でもこれで、春姉と二人でイチャコラして過ごせた百合色のモラトリアムも終了ということですか…… まあ、百合は浮気には入りませんので、これからも続けるつもりですけどね!
そうではなくて、私の婿取りの話でしたね。ふーまい? 私は誰? 私は尼子晴久の娘の玉。性別は女。出雲で戦国大名の尼子家の当主なんぞやっております。当たり前ですけど、私が尼子の当主ですから嫁には行けませんので、婿を取る必要があります。

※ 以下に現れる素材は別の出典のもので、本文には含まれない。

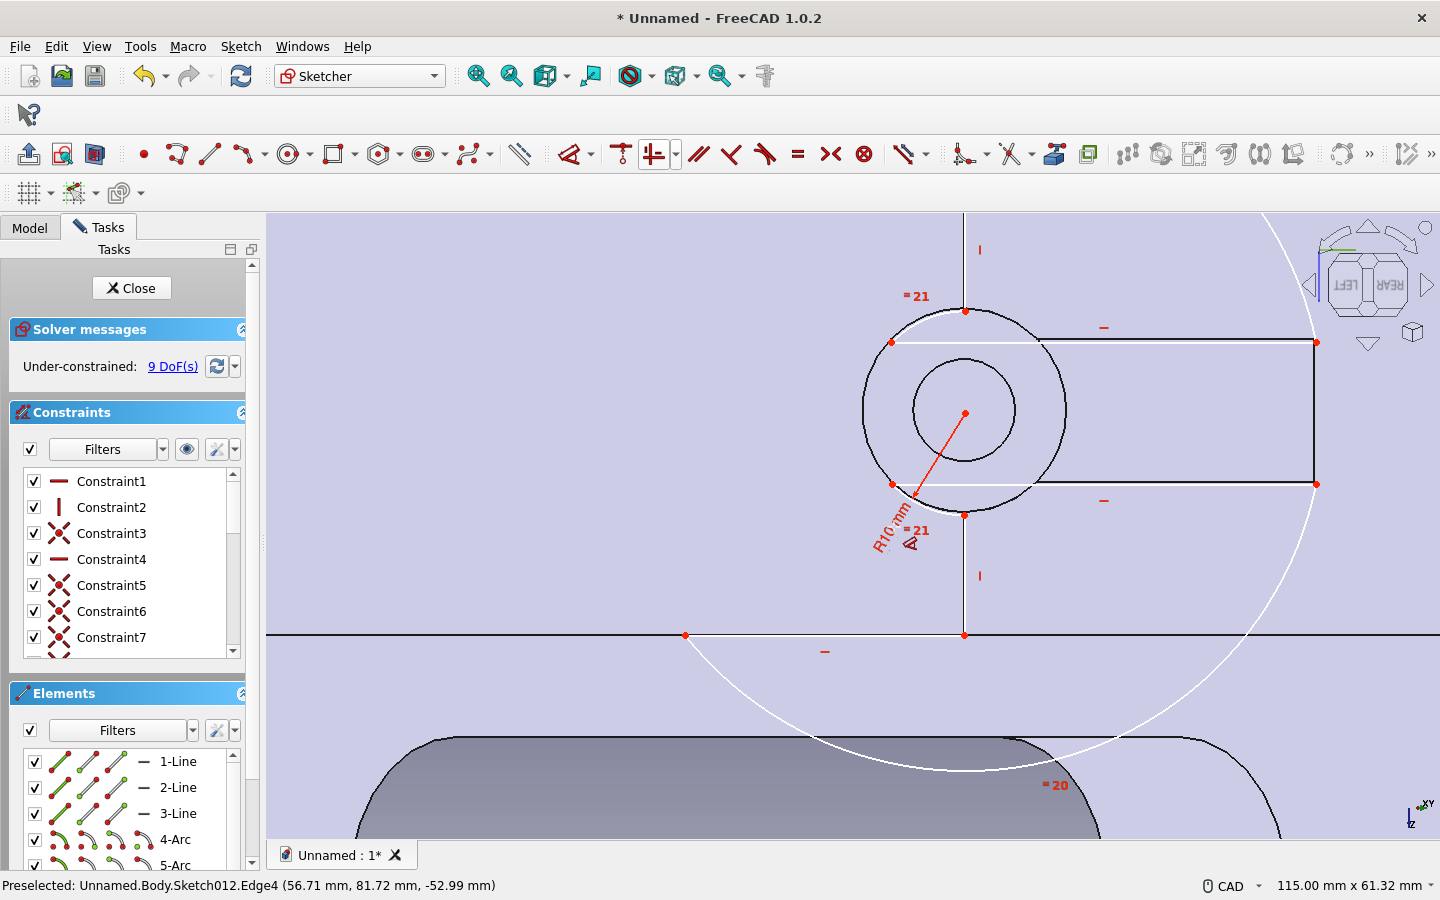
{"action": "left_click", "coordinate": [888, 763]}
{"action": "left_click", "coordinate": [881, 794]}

これが、公人としての私の立場なのです。では、私人としての私の立場はどうかといいますと…… ブッブー! 残念でしたー! 大名の子作りに私人としての立場なんてありませんから! この時代では家と家とを結ぶ政略結婚が基本なのですから。
尼子の当主の座を降りて杵築大社の巫女だけの立場に成れるのでしたら、わがままも言えるのでしょうけれども。私が当主の座に居る限りは、私には選択の自由は無きに等しいのであります。あ、誰を婿に迎えるのか選ぶ権利ぐらいはありますよ?
私が婿を取らないという選択肢は選べないのです。うむ、まさしく女は産む機械とは言い得て妙でありますよね。前世では、これを言った政治家が次の選挙で落選したとかあった気もしますがね! 尼子と毛利の絆を深める為には、人身御供が必要なのです。
まあ、この時代の武家の男に生まれて、衆道でケツを掘り掘られする仲になるよりはマシなのかも知れませんね。そう、前向きに考えでもしないと、この大事な交渉の場から脱兎の如く逃げ出したくなってしまいますしね。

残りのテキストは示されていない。